V. ii. 491. You cannot beg us. This slangy way of saying, “We are no idiots,' seems to have arisen from the practice of suing for the guardianship of wealthy incompetents.

V. ii. 517, 518. Where seal strives to content, and the contents Dies in the seal of that which it presents. Where the unintelligent zeal of the actors strives to content the audience, and the gist (contents) of the entertainment is destroyed by this very zeal in performance.

V. ii. 545. Abate throw at novum. Alluding to a game called novem quinque, in which the two principal throws were nine and five. The Cambridge editors explain the words as 'referring to the presentation of nine worthies by five players.'

V. ii. 549. With libbard's head on knee.
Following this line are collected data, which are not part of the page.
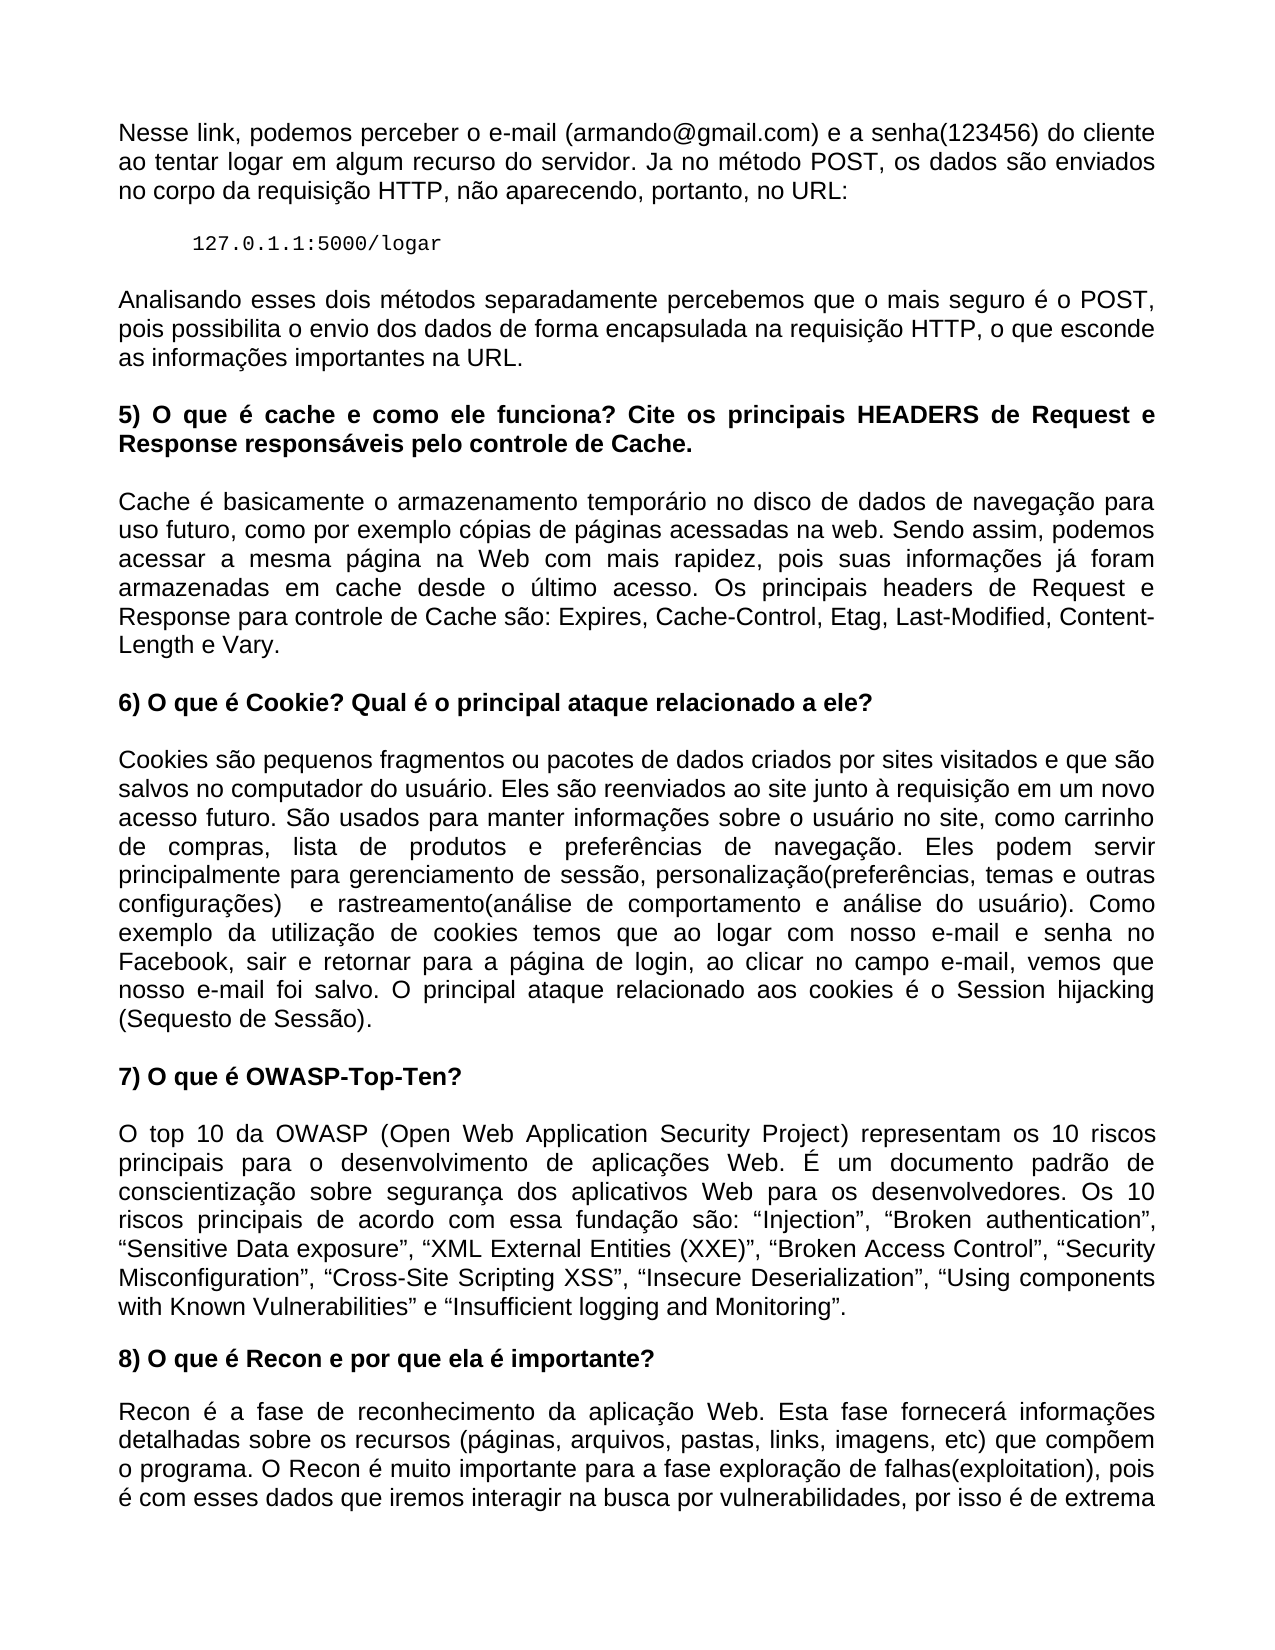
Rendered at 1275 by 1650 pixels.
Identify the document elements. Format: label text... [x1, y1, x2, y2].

text 6) O que é Cookie? Qual é o principal ataque relacionado a ele? [118, 688, 1157, 717]
text 127.0.1.1:5000/logar [118, 233, 1157, 257]
text O top 10 da OWASP (Open Web Application Security Project) representam os 10 riscos principais para o desenvolvimento de aplicações Web. É um documento padrão de conscientização sobre segurança dos aplicativos Web para os desenvolvedores. Os 10 riscos principais de acordo com essa fundação são: “Injection”, “Broken authentication”, “Sensitive Data exposure”, “XML External Entities (XXE)”, “Broken Access Control”, “Security Misconfiguration”, “Cross-Site Scripting XSS”, “Insecure Deserialization”, “Using components with Known Vulnerabilities” e “Insufficient logging and Monitoring”. [118, 1119, 1157, 1321]
text 7) O que é OWASP-Top-Ten? [118, 1062, 1157, 1091]
text 5) O que é cache e como ele funciona? Cite os principais HEADERS de Request e Response responsáveis pelo controle de Cache. [118, 401, 1157, 458]
text Analisando esses dois métodos separadamente percebemos que o mais seguro é o POST, pois possibilita o envio dos dados de forma encapsulada na requisição HTTP, o que esconde as informações importantes na URL. [118, 286, 1157, 372]
text 8) O que é Recon e por que ela é importante? [118, 1344, 1157, 1373]
text Cache é basicamente o armazenamento temporário no disco de dados de navegação para uso futuro, como por exemplo cópias de páginas acessadas na web. Sendo assim, podemos acessar a mesma página na Web com mais rapidez, pois suas informações já foram armazenadas em cache desde o último acesso. Os principais headers de Request e Response para controle de Cache são: Expires, Cache-Control, Etag, Last-Modified, Content-Length e Vary. [118, 487, 1157, 659]
text Recon é a fase de reconhecimento da aplicação Web. Esta fase fornecerá informações detalhadas sobre os recursos (páginas, arquivos, pastas, links, imagens, etc) que compõem o programa. O Recon é muito importante para a fase exploração de falhas(exploitation), pois é com esses dados que iremos interagir na busca por vulnerabilidades, por isso é de extrema [118, 1397, 1157, 1512]
text Nesse link, podemos perceber o e-mail (armando@gmail.com) e a senha(123456) do cliente ao tentar logar em algum recurso do servidor. Ja no método POST, os dados são enviados no corpo da requisição HTTP, não aparecendo, portanto, no URL: [118, 118, 1157, 204]
text Cookies são pequenos fragmentos ou pacotes de dados criados por sites visitados e que são salvos no computador do usuário. Eles são reenviados ao site junto à requisição em um novo acesso futuro. São usados para manter informações sobre o usuário no site, como carrinho de compras, lista de produtos e preferências de navegação. Eles podem servir principalmente para gerenciamento de sessão, personalização(preferências, temas e outras configurações) e rastreamento(análise de comportamento e análise do usuário). Como exemplo da utilização de cookies temos que ao logar com nosso e-mail e senha no Facebook, sair e retornar para a página de login, ao clicar no campo e-mail, vemos que nosso e-mail foi salvo. O principal ataque relacionado aos cookies é o Session hijacking (Sequesto de Sessão). [118, 746, 1157, 1033]

Theobald explained this by quoting Cotgrave's definition of the French word masquine: "The representation of a lion's head, etc., upon the elbow or knee of some oldfashioned garments.'

V. ii. 566. it stands too right. The point seems to be that Alexander's head sat crookedly on his shoulders. Shakespeare can have got this fact from North's Plutarch. Boyet may, however, simply mean that Nathaniel's nose is not aquiline enough for that of a worthy.

V. ii. 576. You will be scraped out of the painted cloth for this. That is, you will lose your place as one of the worthies. Painted cloths were a more humble substitute for tapestry in wall-coverings, and the nine worthies were a common subject of their decoration.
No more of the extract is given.